Thousands of gay civil rights supporters …
A Long Road Traveled
The last time I got as close to the White House as I did this week was many years ago—six years after the Stonewall riots, when I was a 13-year-old National Spelling Bee participant from St. Margaret’s School in Lowell, Mass. We spelling bee kids didn’t make it into the White House that day—we stood outside as first lady Betty Ford spoke to us from a balcony. By then I already knew I was gay. Raised in a staunch Catholic home and taught (and tormented) by nuns, I was certain that an open homosexual (that was the only term I knew back then) could never be allowed inside the White House. I knew nothing of the nascent gay-rights movement—it hadn’t reached Lowell in 1975. All I knew was that that whatever words there were to describe what I was, it would have to be suppressed forever. I assumed that I would have to either become a priest or figure out some other way to hide.

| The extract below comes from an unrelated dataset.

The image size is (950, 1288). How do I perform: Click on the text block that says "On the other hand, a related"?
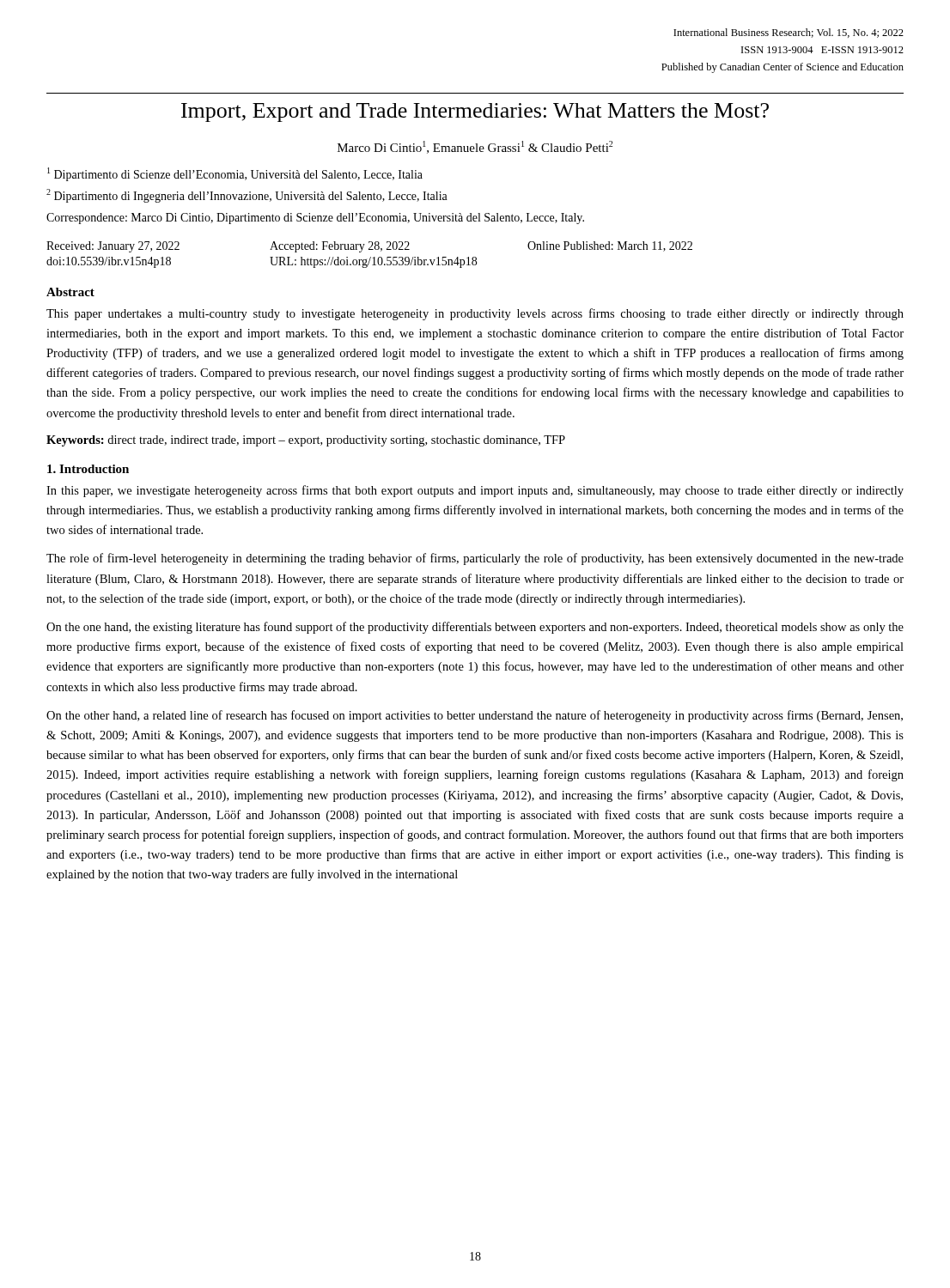tap(475, 795)
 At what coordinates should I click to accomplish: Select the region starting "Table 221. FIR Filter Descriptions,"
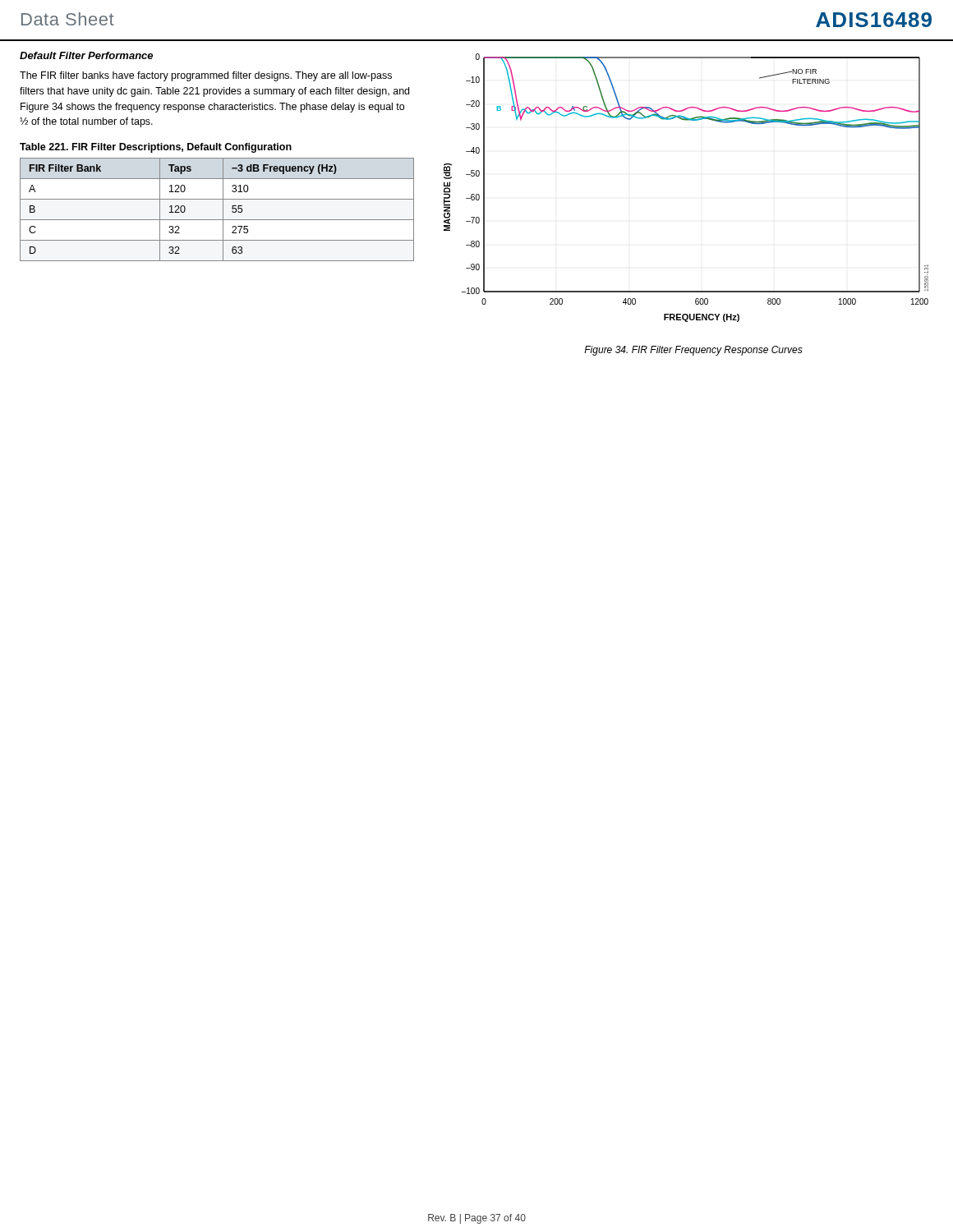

Thankfully, time marched on, and I eventually became a politicized college student rather than a candidate for the priesthood—and ultimately I kicked open my closet door and came out. But I can’t help thinking about that personal history as I replay the reel of yesterday’s visit to the White House in my head. As the executive director of SAGE, an advocacy group for LGBT senior citizens, I was invited, along with some 200 other LGBT leaders, to join the Obamas in commemorating gay pride—which falls this year on the 40th anniversary of the Stonewall riots.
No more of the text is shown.